For the Church, evangelizing means bringing the Good News into all the strata of humanity, and through its influence transforming humanity from within and making it new: "Now I am making the whole of creation new." But there is no new humanity if there are not first of all new persons renewed by Baptism and by lives lived according to the Gospel. The purpose of evangelization is therefore precisely this interior change, and if it had to be expressed in one sentence the best way of stating it would be to say that the Church evangelizes when she seeks to convert, solely through the divine power of the message she proclaims, both the personal and collective consciences of people, the activities in which they engage, and the lives and concrete milieu which are theirs.
Strata of humanity which are transformed: for the Church it is a question not only of preaching the Gospel in ever wider geographic areas or to ever greater numbers of people, but also of affecting and as it were upsetting, through the power of the Gospel, mankind's criteria of judgement, determining values, points of interest, lines of thought, sources of inspiration and models of life, which are in contrast with the Word of God and the plan of salvation.
All this could he expressed in the following words: what matters is to evangelize man's culture and cultures (not in a purely decorative way, as it were, by applying a thin veneer, but in a vital way, in depth and right to their very roots), in the wide and rich sense which these terms have in Gaudium et spes, always taking the person as one's starting-point and always coming back to the relationships of people among themselves and with God.

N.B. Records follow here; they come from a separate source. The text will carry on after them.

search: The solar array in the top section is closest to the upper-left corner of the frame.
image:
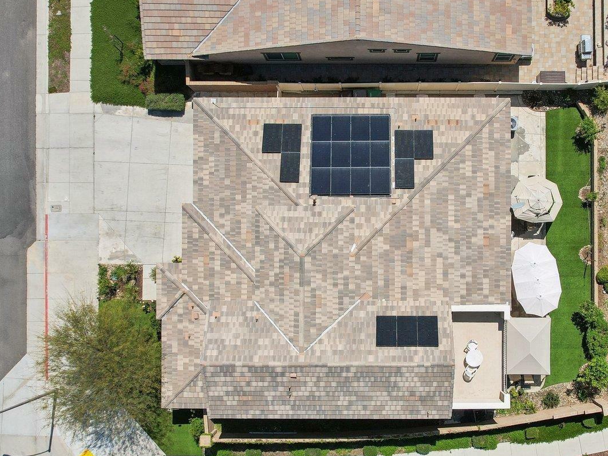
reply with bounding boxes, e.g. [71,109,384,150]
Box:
[261,123,301,181]
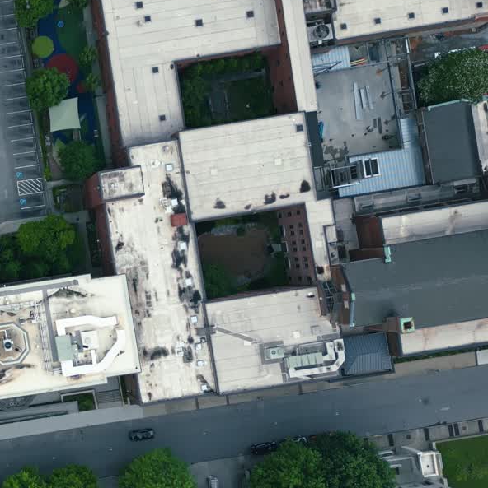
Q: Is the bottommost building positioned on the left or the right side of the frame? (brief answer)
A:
right
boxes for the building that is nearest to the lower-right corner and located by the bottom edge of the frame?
[406,445,439,476]
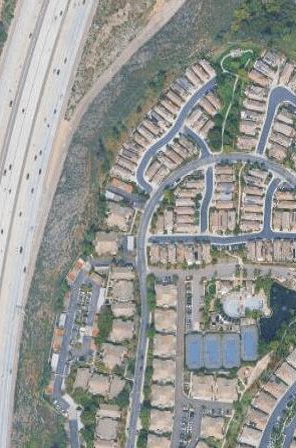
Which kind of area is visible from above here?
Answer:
residential area
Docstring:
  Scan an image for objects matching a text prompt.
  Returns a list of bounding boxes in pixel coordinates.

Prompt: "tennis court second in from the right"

[223,333,239,368]
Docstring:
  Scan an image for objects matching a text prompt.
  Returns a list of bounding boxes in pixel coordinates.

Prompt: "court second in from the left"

[203,333,221,368]
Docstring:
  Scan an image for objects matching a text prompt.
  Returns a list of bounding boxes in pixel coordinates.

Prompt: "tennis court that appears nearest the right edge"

[240,326,257,361]
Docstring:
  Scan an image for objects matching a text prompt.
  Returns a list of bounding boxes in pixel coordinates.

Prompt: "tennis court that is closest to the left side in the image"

[186,333,202,368]
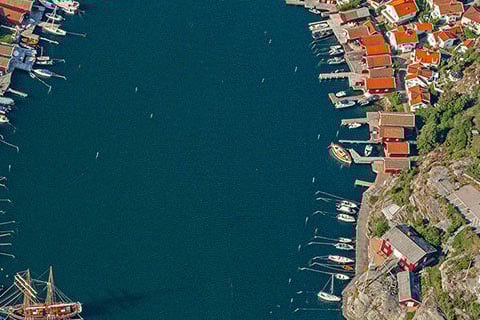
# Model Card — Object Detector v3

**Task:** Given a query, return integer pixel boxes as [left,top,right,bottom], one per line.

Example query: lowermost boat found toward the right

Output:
[319,279,341,300]

Evangelization, as we have said, is a complex process made up of varied elements: the renewal of humanity, witness, explicit proclamation, inner adherence, entry into the community, acceptance of signs, apostolic initiative. These elements may appear to be contradictory, indeed mutually exclusive. In fact they are complementary and mutually enriching. Each one must always be seen in relationship with the others. The value of the last Synod was to have constantly invited us to relate these elements rather than to place them in opposition one to the other, in order to reach a full understanding of the Church's evangelizing activity.

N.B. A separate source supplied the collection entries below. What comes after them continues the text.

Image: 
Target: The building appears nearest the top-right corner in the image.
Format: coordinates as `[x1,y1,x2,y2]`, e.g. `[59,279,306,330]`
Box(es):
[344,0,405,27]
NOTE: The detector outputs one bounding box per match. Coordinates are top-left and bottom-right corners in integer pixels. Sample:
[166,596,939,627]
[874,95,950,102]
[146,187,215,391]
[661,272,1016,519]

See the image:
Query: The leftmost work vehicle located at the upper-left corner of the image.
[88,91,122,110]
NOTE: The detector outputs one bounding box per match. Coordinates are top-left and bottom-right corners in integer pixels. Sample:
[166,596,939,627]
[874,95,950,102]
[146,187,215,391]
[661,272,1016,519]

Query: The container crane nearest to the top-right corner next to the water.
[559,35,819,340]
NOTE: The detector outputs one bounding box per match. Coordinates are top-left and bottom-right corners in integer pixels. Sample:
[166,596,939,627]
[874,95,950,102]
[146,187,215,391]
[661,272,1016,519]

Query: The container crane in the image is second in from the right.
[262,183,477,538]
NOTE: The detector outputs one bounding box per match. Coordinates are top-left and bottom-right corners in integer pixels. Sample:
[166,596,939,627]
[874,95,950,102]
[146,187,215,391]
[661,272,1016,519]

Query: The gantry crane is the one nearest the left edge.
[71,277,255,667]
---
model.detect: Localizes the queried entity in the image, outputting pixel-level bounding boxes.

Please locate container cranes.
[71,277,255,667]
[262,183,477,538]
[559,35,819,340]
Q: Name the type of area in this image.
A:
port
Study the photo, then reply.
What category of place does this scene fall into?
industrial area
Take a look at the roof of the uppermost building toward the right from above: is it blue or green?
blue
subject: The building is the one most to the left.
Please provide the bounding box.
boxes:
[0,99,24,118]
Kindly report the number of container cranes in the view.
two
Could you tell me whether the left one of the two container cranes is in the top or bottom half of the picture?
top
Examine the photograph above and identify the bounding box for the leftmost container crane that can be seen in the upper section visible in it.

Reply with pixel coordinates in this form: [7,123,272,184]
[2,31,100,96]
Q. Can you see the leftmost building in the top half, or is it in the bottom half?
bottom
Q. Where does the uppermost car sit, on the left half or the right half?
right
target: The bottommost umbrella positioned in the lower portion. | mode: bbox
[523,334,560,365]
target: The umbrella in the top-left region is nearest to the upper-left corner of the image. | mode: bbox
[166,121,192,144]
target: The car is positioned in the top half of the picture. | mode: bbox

Consequently evangelization cannot but include the prophetic proclamation of a hereafter, man's profound and definitive calling, in both continuity and discontinuity with the present situation: beyond time and history, beyond the transient reality of this world, and beyond the things of this world, of which a hidden dimension will one day be revealed -- beyond man himself, whose true destiny is not restricted to his temporal aspect but will be revealed in the future life. (Evangelii Nuntiandi, 1975).

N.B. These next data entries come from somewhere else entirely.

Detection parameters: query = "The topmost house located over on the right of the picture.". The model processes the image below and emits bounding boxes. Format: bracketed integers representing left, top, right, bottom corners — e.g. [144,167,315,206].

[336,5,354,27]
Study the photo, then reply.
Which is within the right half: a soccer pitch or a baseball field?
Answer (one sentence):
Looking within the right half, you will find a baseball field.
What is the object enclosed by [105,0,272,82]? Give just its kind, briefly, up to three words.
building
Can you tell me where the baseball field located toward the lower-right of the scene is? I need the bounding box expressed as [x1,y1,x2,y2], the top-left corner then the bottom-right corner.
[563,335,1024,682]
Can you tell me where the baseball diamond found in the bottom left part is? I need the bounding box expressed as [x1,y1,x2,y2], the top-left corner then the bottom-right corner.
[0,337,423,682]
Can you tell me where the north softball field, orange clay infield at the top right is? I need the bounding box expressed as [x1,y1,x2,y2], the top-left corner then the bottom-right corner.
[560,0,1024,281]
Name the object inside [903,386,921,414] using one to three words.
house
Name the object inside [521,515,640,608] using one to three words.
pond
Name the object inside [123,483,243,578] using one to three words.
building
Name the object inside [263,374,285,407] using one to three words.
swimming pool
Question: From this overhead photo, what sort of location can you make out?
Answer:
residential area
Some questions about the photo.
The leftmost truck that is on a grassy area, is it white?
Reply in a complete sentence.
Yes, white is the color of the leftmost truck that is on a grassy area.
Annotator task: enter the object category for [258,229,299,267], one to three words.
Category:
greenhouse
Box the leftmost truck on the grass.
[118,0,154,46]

Conservative Christian evangelicals believe that they will rise to meet Christ in the skies in a process of rapture as the end of world tribulations commence. This provides the ultimate incentive for completion of what is known as as the Great Commission. This is the process of preaching the gospel to the whole world. Born-again Christian believers have been struggling to complete this mission since the late 19th century. This completion tends to be linked to the end of centuries, whether 1900 or 2000, although evangelical leaders are careful not to commit themselves to precise dates.
Making the gospel available to everyone in the world may not be quite the same thing as fulfilling the Great Commission, but it does bring the end of the present times closer.